### What to produce
Lines where the string "Camera" appears are to be copied from the entries below.

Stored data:

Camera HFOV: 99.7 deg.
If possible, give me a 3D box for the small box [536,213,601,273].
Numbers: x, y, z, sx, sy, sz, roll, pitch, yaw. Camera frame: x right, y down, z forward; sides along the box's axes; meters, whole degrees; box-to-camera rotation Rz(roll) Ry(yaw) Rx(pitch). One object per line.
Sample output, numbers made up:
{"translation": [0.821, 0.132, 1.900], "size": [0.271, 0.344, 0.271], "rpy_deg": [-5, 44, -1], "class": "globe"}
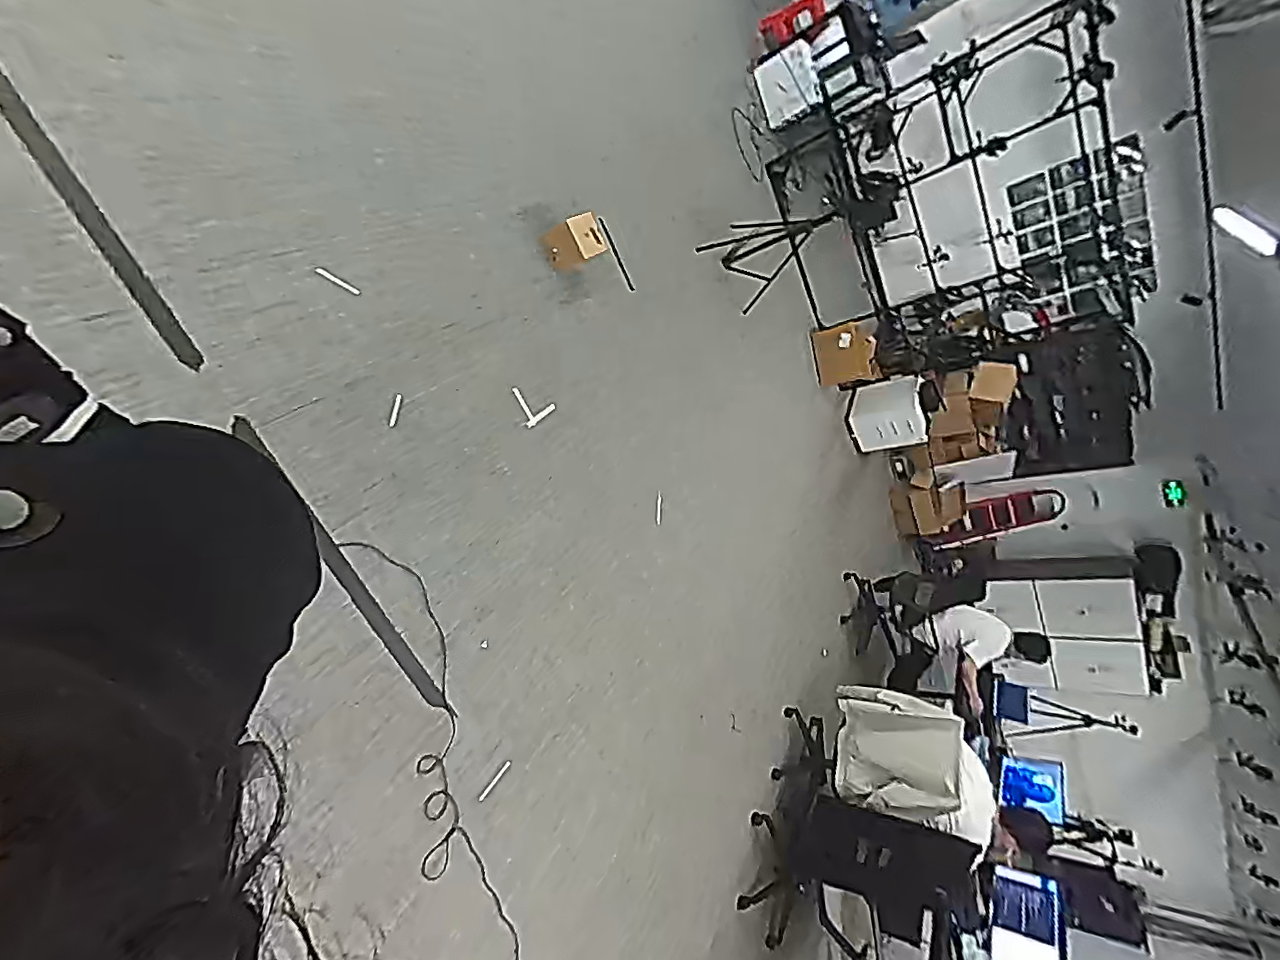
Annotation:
{"translation": [-0.301, -0.994, 2.269], "size": [0.179, 0.176, 0.168], "rpy_deg": [-46, 118, -45], "class": "small box"}

### Task output
Camera HFOV: 99.7 deg.
Numbers: x, y, z, sx, sy, sz, roll, pitch, yaw. Camera frame: x right, y down, z forward; sides along the box's axes; meters, whole degrees; box-to-camera rotation Rz(roll) Ry(yaw) Rx(pitch). One object per line.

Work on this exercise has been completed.